- [MATERIAL PROVIDED]
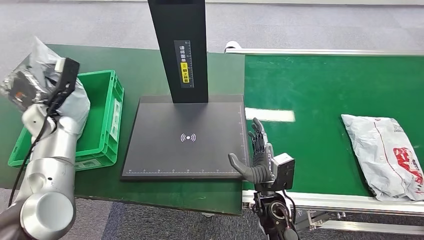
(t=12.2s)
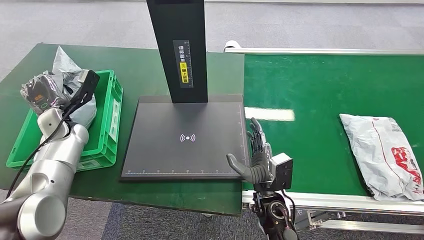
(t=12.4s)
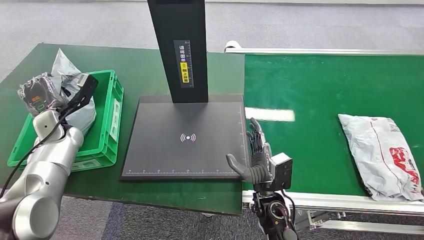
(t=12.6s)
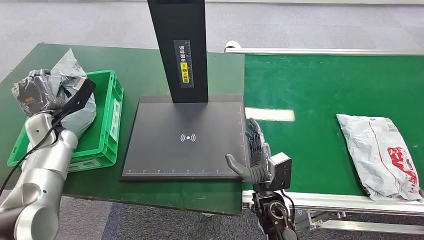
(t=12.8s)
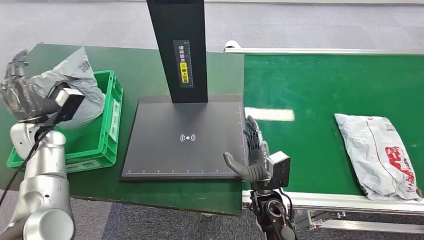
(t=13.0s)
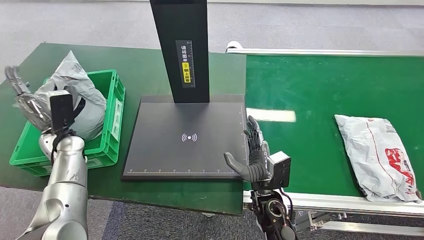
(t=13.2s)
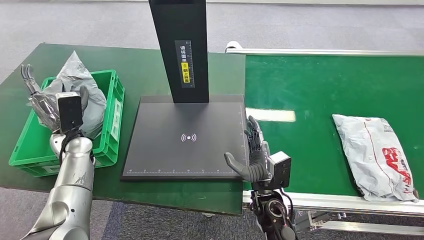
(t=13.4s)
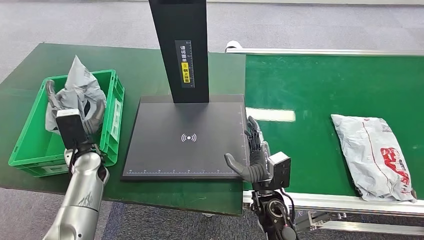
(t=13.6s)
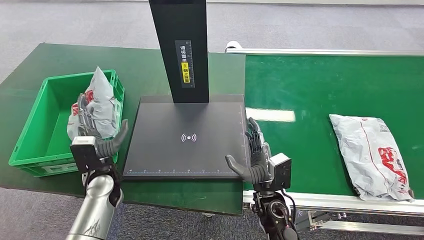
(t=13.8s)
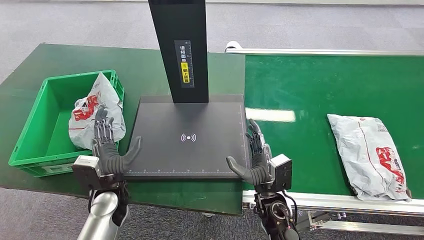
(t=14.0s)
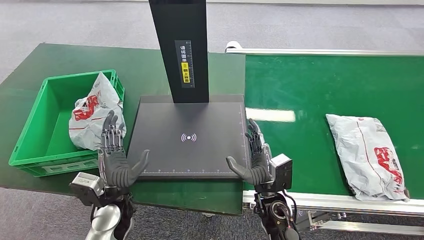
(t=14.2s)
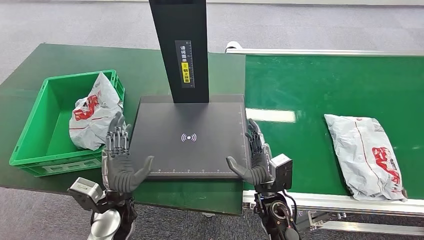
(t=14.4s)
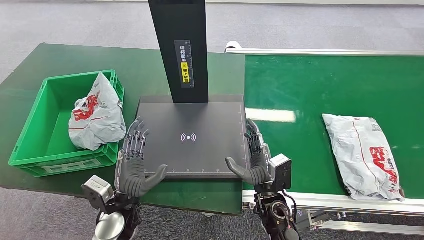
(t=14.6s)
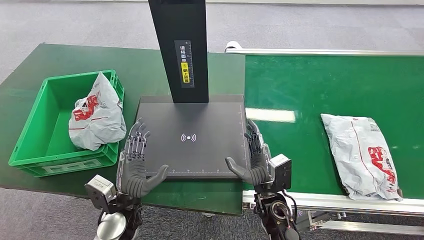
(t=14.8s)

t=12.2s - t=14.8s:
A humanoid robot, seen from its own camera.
Step, t=12.2s - t=14.8s: Place the package into the parcel locker.
t=13.4s - t=14.8s: The left hand shifts roughly 25 cm backward, to the right and downward.

- [TASK GOAL]
Write out the material above precisely, leaving each picture behind.

- [YOUR SOLUTION]
(t=12.2s)
(t=12.4s)
(t=12.6s)
(t=12.8s)
(t=13.0s)
(t=13.2s)
(t=13.4s)
(t=13.6s)
(t=13.8s)
(t=14.0s)
(t=14.2s)
(t=14.4s)
(t=14.6s)
(t=14.8s)

t=12.2s - t=14.8s:
A humanoid robot, seen from its own camera.
Step, t=12.2s - t=14.8s: Place the package into the parcel locker.
t=13.4s - t=14.8s: The left hand shifts roughly 25 cm backward, to the right and downward.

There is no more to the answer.